Data extracted from a collection
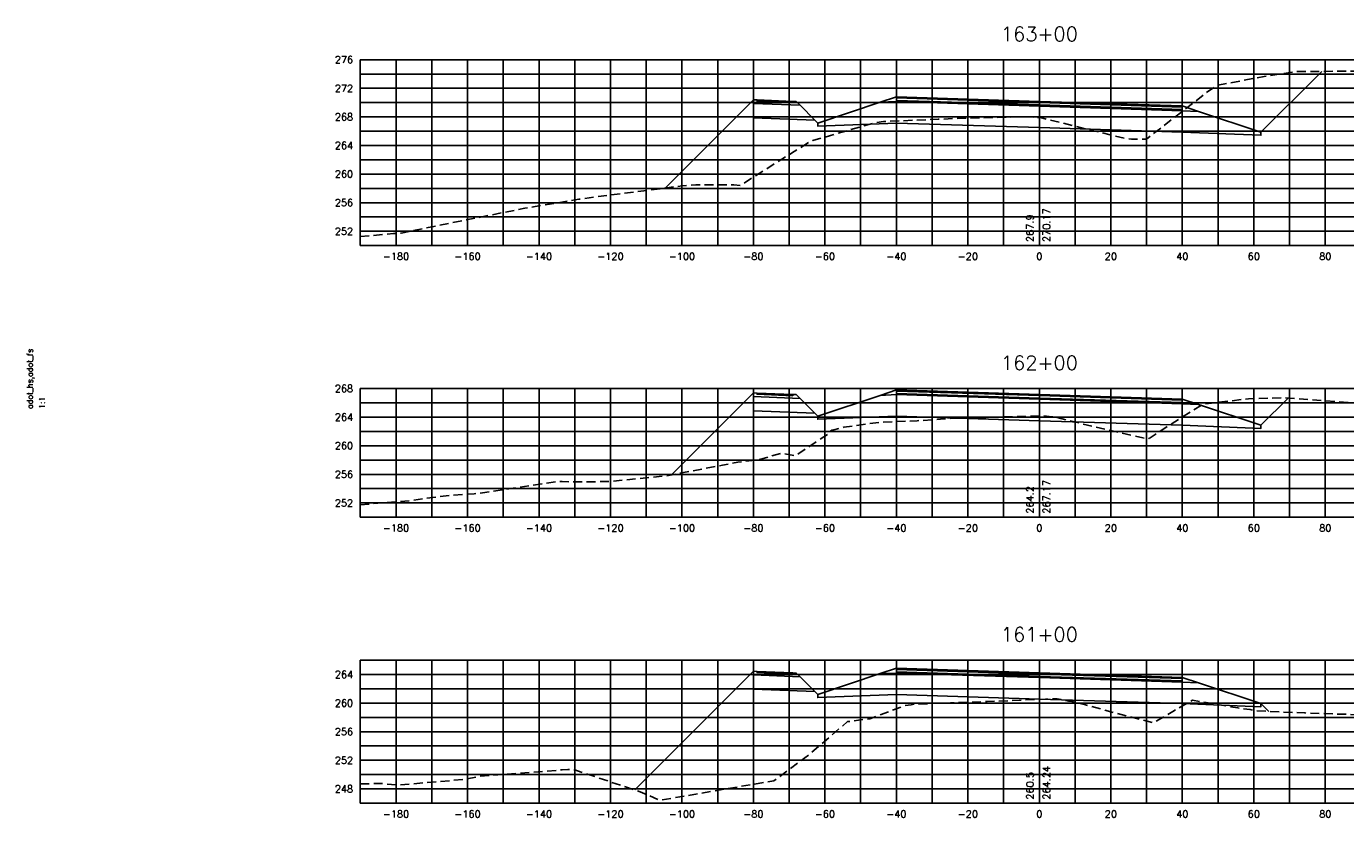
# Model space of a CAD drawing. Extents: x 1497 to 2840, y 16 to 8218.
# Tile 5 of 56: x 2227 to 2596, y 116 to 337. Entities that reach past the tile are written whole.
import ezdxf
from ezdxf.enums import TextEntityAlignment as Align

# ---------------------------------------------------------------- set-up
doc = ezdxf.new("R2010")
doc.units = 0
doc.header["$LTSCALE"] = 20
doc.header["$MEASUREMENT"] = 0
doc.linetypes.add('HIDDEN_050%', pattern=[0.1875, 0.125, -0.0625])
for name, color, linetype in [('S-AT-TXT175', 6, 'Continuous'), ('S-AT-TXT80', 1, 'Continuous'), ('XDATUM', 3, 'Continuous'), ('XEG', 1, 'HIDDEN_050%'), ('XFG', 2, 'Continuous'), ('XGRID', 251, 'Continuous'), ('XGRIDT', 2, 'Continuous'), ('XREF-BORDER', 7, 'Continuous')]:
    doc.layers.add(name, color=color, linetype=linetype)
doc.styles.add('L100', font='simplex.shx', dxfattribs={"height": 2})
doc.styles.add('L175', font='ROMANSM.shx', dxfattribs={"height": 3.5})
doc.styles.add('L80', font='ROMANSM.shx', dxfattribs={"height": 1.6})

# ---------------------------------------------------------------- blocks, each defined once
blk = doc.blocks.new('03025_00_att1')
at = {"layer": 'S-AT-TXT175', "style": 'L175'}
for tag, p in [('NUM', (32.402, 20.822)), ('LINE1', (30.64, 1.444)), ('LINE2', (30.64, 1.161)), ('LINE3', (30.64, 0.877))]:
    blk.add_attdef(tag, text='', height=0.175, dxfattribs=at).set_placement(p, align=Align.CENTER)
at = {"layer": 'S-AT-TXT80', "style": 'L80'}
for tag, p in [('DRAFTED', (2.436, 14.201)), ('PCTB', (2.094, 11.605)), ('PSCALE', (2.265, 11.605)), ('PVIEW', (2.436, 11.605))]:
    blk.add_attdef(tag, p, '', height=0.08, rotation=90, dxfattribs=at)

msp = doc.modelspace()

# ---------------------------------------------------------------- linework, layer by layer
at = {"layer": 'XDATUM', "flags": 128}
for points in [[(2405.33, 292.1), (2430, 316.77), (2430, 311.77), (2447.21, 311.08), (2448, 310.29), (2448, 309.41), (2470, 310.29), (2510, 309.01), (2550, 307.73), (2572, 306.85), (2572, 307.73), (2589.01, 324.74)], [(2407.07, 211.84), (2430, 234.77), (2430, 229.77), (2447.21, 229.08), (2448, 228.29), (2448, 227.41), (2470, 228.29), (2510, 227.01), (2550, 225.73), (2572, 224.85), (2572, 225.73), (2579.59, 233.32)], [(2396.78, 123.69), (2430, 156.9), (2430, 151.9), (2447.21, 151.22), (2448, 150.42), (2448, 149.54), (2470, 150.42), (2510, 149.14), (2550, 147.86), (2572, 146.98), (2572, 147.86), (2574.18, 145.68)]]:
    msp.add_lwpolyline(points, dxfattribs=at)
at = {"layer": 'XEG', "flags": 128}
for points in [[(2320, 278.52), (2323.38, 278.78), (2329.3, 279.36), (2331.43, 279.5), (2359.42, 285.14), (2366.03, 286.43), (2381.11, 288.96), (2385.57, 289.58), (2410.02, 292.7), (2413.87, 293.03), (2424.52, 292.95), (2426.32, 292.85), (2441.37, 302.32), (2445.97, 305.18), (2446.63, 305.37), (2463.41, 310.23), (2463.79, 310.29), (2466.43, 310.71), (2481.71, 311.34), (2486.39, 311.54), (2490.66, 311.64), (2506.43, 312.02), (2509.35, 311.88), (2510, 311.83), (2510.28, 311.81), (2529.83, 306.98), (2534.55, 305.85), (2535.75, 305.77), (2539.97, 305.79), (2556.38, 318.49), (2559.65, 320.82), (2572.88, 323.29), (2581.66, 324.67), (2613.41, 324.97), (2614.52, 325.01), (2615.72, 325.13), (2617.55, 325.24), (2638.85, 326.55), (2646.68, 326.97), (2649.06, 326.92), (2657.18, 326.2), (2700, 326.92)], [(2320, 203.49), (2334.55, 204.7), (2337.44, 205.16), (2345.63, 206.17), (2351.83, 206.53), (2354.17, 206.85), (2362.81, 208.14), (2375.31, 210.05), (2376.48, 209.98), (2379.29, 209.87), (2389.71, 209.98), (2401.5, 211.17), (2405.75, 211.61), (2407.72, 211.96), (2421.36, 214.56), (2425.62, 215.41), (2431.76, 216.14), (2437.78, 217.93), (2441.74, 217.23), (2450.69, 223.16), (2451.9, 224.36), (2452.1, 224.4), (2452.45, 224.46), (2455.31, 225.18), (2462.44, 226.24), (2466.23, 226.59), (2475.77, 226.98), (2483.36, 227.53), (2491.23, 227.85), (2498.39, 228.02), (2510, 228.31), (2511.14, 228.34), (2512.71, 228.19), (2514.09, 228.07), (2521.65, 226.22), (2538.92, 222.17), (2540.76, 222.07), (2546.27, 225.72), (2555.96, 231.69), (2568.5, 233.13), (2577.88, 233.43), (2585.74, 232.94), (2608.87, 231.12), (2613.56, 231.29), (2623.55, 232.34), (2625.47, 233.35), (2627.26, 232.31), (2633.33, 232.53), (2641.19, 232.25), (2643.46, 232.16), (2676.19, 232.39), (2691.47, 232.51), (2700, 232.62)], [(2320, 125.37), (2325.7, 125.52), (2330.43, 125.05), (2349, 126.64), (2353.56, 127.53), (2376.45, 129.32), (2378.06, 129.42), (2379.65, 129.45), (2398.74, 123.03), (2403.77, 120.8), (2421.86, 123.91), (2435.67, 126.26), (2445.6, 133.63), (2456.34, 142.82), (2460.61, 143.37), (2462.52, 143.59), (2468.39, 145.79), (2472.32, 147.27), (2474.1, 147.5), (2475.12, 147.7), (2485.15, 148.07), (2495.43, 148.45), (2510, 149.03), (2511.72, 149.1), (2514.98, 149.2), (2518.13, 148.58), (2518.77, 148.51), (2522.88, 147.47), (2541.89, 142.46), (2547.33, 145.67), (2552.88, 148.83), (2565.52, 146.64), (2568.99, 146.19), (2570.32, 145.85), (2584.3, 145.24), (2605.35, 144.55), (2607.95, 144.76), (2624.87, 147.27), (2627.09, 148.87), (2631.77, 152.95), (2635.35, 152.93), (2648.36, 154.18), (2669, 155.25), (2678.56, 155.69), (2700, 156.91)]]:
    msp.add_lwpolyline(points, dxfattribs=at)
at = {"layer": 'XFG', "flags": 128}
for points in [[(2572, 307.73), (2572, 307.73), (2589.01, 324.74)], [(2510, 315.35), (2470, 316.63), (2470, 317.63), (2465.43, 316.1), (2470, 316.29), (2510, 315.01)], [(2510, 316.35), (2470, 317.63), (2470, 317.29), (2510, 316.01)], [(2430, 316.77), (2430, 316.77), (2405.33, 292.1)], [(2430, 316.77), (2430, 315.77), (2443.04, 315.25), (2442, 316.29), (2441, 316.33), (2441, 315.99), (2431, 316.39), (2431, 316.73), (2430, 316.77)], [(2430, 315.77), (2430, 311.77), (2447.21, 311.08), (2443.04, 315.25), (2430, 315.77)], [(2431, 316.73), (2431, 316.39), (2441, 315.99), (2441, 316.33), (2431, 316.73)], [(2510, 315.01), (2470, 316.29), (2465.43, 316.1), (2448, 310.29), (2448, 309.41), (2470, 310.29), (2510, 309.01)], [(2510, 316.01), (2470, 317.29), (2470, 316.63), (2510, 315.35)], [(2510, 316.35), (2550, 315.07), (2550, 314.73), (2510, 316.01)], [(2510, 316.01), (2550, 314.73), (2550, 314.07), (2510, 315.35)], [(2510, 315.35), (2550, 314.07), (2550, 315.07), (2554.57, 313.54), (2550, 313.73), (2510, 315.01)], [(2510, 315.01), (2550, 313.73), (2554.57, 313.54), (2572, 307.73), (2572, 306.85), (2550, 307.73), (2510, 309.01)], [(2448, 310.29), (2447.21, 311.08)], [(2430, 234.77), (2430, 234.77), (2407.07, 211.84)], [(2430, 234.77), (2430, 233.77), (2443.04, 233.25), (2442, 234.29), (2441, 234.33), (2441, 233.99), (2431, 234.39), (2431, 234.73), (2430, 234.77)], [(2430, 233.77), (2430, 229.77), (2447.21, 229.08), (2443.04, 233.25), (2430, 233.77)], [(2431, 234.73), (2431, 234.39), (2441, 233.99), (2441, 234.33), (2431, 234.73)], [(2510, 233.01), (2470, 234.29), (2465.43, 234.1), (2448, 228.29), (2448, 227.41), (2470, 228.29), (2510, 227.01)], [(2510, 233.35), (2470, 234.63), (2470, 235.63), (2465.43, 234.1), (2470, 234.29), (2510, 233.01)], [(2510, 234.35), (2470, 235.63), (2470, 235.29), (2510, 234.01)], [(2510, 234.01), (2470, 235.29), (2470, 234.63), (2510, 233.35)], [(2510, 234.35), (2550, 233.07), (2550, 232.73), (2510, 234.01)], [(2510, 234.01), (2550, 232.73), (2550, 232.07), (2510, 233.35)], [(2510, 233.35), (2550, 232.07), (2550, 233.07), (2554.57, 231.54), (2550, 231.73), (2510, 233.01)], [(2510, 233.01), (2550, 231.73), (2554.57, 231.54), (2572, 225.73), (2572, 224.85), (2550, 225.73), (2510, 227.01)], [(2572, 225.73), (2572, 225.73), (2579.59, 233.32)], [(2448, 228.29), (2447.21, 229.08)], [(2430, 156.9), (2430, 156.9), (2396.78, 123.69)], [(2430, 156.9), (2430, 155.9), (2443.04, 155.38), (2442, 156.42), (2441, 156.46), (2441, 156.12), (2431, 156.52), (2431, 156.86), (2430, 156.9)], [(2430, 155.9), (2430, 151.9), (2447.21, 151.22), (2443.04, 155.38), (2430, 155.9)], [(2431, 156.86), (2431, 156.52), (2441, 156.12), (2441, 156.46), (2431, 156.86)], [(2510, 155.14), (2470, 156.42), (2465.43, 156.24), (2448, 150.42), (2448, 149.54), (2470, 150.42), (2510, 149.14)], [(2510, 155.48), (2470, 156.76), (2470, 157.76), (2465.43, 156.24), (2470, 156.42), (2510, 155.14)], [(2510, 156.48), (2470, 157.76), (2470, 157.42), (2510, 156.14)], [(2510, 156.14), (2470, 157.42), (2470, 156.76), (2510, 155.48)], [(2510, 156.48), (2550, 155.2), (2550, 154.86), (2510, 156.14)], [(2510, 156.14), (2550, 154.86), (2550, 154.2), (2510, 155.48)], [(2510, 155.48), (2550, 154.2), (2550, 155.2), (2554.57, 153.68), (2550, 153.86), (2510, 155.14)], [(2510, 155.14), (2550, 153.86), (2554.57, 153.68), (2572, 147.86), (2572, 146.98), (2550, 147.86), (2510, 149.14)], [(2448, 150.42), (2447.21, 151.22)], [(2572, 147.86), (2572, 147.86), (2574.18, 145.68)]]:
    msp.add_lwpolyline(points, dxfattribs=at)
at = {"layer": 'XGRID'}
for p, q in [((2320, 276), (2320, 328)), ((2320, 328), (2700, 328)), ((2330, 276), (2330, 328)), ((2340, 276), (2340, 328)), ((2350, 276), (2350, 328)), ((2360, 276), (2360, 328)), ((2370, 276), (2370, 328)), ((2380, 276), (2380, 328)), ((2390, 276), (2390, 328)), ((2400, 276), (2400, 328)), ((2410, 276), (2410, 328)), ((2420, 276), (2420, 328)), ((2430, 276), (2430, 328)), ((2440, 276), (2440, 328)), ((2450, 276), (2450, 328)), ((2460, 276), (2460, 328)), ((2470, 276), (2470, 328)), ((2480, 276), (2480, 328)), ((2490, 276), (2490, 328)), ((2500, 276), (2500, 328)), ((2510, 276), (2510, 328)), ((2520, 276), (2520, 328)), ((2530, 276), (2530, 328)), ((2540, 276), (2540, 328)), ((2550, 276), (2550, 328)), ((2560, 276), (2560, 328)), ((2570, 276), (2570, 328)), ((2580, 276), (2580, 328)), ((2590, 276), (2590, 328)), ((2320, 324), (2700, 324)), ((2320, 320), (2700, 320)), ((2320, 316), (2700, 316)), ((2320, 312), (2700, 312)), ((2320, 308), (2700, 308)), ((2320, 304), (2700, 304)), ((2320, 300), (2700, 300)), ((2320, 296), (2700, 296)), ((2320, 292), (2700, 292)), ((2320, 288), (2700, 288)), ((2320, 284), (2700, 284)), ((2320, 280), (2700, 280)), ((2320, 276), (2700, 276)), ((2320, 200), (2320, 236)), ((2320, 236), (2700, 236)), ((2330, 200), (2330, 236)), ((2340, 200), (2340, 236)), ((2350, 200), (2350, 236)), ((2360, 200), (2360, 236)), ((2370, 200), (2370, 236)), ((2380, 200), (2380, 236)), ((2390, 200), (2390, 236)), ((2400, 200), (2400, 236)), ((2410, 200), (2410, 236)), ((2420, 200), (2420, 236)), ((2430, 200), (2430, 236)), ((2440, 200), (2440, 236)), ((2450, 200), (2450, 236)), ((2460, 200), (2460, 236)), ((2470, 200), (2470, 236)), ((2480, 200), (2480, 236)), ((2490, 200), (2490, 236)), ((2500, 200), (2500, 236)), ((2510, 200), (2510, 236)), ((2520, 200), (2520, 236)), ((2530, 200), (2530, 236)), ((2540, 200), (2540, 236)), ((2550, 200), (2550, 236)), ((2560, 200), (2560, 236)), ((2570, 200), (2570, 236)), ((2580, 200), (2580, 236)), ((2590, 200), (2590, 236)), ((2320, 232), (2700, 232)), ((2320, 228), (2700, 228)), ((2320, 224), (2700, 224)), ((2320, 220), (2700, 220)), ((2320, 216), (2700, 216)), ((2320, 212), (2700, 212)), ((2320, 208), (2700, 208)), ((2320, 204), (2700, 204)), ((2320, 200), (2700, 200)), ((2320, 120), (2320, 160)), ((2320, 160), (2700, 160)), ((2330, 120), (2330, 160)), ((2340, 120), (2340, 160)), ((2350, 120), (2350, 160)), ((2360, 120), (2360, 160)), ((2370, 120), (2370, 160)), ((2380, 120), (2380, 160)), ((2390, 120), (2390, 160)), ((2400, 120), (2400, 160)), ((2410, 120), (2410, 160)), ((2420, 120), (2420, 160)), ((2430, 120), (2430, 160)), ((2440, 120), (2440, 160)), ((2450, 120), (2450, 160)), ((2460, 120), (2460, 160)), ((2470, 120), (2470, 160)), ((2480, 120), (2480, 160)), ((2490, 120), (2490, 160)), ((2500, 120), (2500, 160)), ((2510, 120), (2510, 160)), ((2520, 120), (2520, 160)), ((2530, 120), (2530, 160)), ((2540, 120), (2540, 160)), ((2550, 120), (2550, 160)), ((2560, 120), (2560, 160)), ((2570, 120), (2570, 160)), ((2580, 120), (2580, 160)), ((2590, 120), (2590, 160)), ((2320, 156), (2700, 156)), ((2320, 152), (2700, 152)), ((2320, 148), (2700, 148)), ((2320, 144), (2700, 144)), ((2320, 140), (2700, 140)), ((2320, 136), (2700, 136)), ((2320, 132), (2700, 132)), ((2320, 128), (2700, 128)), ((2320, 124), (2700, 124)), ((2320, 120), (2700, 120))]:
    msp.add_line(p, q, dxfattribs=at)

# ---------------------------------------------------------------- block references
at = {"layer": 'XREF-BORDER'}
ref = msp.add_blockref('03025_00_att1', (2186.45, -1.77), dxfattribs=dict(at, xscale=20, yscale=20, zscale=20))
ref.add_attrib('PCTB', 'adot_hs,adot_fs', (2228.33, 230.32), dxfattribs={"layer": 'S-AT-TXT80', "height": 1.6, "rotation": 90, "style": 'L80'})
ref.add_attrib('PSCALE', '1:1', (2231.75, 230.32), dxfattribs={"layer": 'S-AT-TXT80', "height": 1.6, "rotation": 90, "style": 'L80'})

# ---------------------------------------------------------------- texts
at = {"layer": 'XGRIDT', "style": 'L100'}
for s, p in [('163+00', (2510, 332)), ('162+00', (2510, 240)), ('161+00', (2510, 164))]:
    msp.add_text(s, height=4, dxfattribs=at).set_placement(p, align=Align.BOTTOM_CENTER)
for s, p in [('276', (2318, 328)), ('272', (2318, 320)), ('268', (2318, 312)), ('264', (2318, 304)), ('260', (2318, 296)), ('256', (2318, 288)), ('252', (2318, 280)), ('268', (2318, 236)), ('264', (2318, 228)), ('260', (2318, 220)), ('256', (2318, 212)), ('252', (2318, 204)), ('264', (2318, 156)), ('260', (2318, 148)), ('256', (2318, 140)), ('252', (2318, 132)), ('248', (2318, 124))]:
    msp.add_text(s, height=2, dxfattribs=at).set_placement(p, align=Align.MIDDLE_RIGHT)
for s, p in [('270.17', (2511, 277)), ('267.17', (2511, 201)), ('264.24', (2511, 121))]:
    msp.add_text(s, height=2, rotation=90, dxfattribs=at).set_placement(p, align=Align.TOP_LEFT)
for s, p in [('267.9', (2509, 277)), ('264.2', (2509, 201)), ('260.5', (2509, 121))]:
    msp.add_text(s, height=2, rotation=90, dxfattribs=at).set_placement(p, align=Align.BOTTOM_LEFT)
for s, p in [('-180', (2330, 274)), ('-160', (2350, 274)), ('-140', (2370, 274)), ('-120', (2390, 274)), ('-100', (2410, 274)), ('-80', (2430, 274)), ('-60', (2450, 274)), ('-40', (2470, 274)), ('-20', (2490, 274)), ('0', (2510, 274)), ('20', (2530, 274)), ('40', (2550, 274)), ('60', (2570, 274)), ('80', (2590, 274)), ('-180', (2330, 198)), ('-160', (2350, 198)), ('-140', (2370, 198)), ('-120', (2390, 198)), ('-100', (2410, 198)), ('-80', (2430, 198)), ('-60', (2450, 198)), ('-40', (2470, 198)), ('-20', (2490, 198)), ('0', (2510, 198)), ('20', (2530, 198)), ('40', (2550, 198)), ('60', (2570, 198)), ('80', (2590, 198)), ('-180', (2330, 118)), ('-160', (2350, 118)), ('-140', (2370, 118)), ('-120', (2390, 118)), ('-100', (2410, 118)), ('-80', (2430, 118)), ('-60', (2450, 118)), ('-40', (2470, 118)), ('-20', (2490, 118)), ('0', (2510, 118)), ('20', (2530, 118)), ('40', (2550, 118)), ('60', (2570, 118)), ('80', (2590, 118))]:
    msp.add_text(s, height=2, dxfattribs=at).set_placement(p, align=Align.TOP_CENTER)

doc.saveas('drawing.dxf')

ACTIVITY =
Find each line in the data above with the word "BORDER", then copy it.

REPLY TO THE EXERCISE =
for name, color, linetype in [('S-AT-TXT175', 6, 'Continuous'), ('S-AT-TXT80', 1, 'Continuous'), ('XDATUM', 3, 'Continuous'), ('XEG', 1, 'HIDDEN_050%'), ('XFG', 2, 'Continuous'), ('XGRID', 251, 'Continuous'), ('XGRIDT', 2, 'Continuous'), ('XREF-BORDER', 7, 'Continuous')]:
at = {"layer": 'XREF-BORDER'}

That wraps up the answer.